Да, Фрунзе торопился. Торопила тревожная обстановка. Он знал, что передышка скоро кончится. Опять в ушах гремели боевые колесницы. Белогвардейский чехословацкий корпус отрезал центральную Россию от источников продовольствия и хлопка, в Мурманске высадились англо-французские и американские войска, во Владивостоке — японцы, немецкие империалисты предъявили грабительские условия мира.
Зашевелилась внутренняя контрреволюция.
Не мог он спокойно заниматься мирной работой. Еще в марте он обратился к пленуму губисполкома с предложением послать его, Фрунзе, на фронт.
— Надо во что бы то ни стало нам самим стать во главе отрядов и уйти вместе с ними. Это поднимет настроение масс.

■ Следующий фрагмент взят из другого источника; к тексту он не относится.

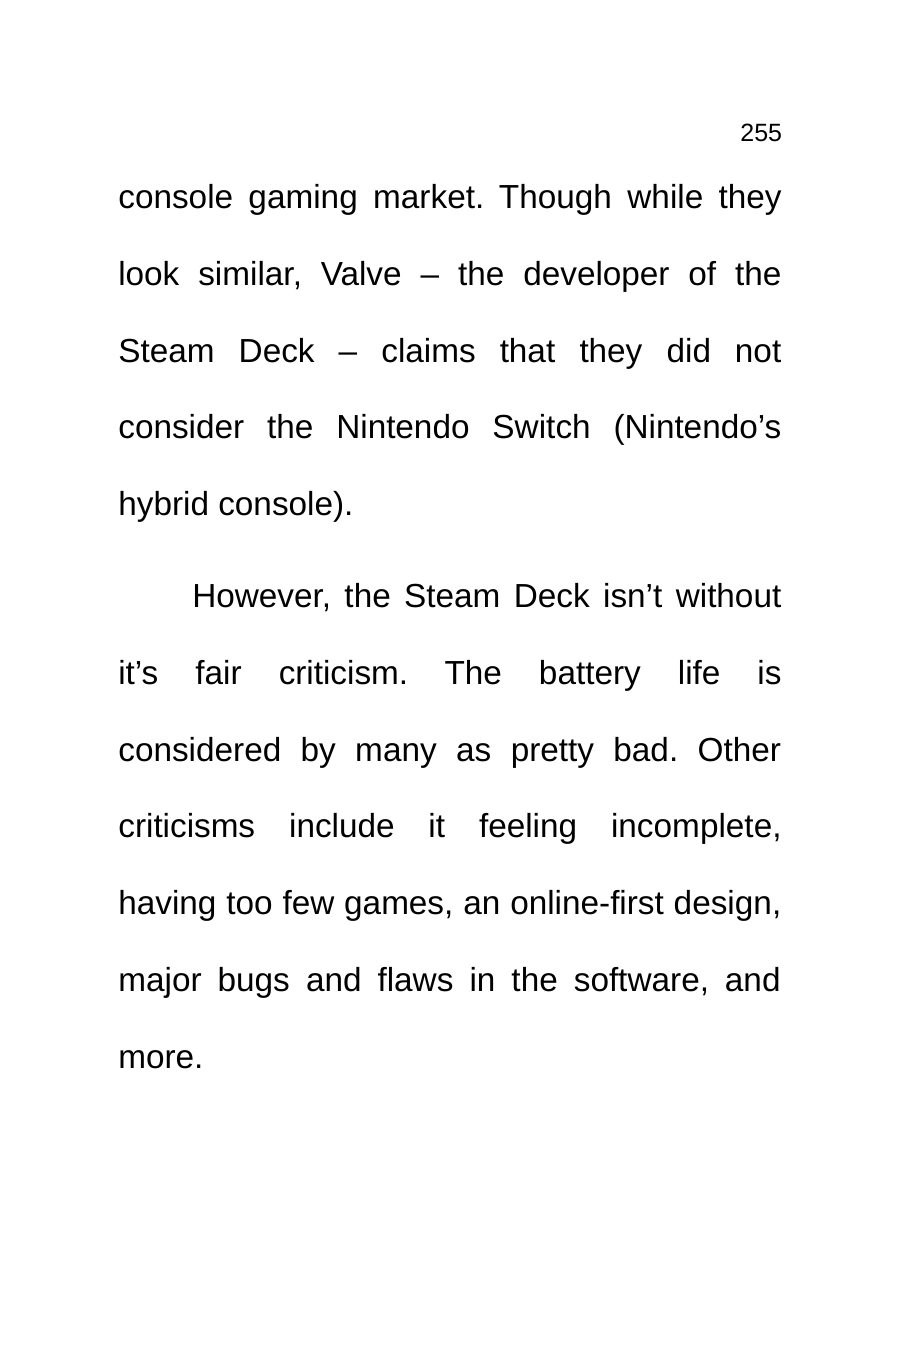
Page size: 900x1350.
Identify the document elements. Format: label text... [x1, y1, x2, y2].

text However, the Steam Deck isn’t without it’s fair criticism. The battery life is considered by many as pretty bad. Other criticisms include it feeling incomplete, having too few games, an online-first design, major bugs and flaws in the software, and more. [118, 576, 782, 1076]
text console gaming market. Though while they look similar, Valve – the developer of the Steam Deck – claims that they did not consider the Nintendo Switch (Nintendo’s hybrid console). [118, 177, 782, 523]

На фронт его не отпустили, а сделали военкомом губернии. На каком бы собрании он ни появлялся, его неизменно выбирают председателем. И конечно же, когда в Москве открылась конференция военных отрядов, его посадили на председательское место.
У него тяга к военной стороне жизни, военная жилка. И она проявляется даже в мелочах: положено разъезжать на автомобиле, а он сам чистит, холит коня, седлает его; на автомобиле разъезжают другие. Настойчиво учится рубить шашкой.
Собрав в кабинете товарищей, подходит к карте, расчерченной красными и синими стрелами, говорит, оживляясь все более и более:
— Слышали сказку о джине в кувшине? Так вот, наша губерния и есть такой джин. Пока не откупорим кувшин — не подняться во весь рост. Нам бы вот теперь эту пробку откупорить, что под Оренбургом, — там прямая дорога к туркестанскому хлопку…
Он пишет несколько статей, призывающих к скорейшему созданию Красной рабоче-крестьянской армии.
— Надо сделать нашей очередной задачей организацию вооруженных сил. Пусть народ весь изморен, разорен и устал, пусть эта задача кажется не под силу при данных условиях… Мы ее должны разрешить, если вообще хотим жить и развиваться. В этом, и только в этом — спасение нашей страны и революции от всяких поползновений мировых хищников.
Летом 1918 года Фрунзе находился в Москве на Пятом съезде Советов. В это время левые эсеры подняли мятеж. Захватили телеграф, Курский вокзал, арестовали Дзержинского и других видных работников партии.
Штаб повстанцев находился в Покровских казармах. Михаил Васильевич прямо со съезда направился на Чистые Пруды в расположение Первых московских военных курсов и сформировал здесь Интернациональный отряд. Оценив обстановку, он повел отряд к Покровским казармам. К вечеру штаб мятежников прекратил борьбу. Вернувшись на съезд, Фрунзе узнал, что в Ярославле тоже мятеж. Возглавил его эсер Борис Савинков.
Ярославль… Сто километров от Иваново-Вознесенска. Михаил Васильевич заволновался.
Троцкий, обволакивая делегатов словами, пытался изобразить дело так, будто бы мятеж почти ликвидирован и нет оснований для беспокойства. Но Фрунзе не поверил. Он вообще Троцкому никогда не верил, почти интуитивно угадывая в нем заклятого врага Советской власти. «Иудушка-Троцкий» — это ленинская характеристика глубоко запала в сознание Фрунзе. И теперь он заторопился в Иваново.
Что происходит в Ярославле? Даже отсюда слышен орудийный гул. Разведчики донесли: положение серьезное, город разрушен, белогвардейцы занимают все ключевые позиции. В Ростове-Ярославском тоже эсеровское восстание.
Значит, Троцкий обманул. Так почему же бездействует командующий Московским военным округом Муралов, которому поручено подавить мятеж, почему отсиживается в Москве? Ведь ясно, что убийство немецкого посла Мирбаха и мятежи эсеров — звенья одной цепи. Сюда следует приплюсовать и меньшевистский заговор против Советов в Кинешме.
Фрунзе вне себя от гнева. И вот, казалось бы, еще один курьез: не состоящий на воинской службе Фрунзе пишет командующему Муралову:
«1. Послать хороших руководителей. 2. Два или три броневика. 3. Человек 500 хорошего войска. Состав окружного штаба в лице Аркадьева по-прежнему очень слаб… Словом, имейте в виду, что без немедленной солидной помощи от Вас — дело грозит затянуться».
Тут чувствуется твердый голос и твердая рука.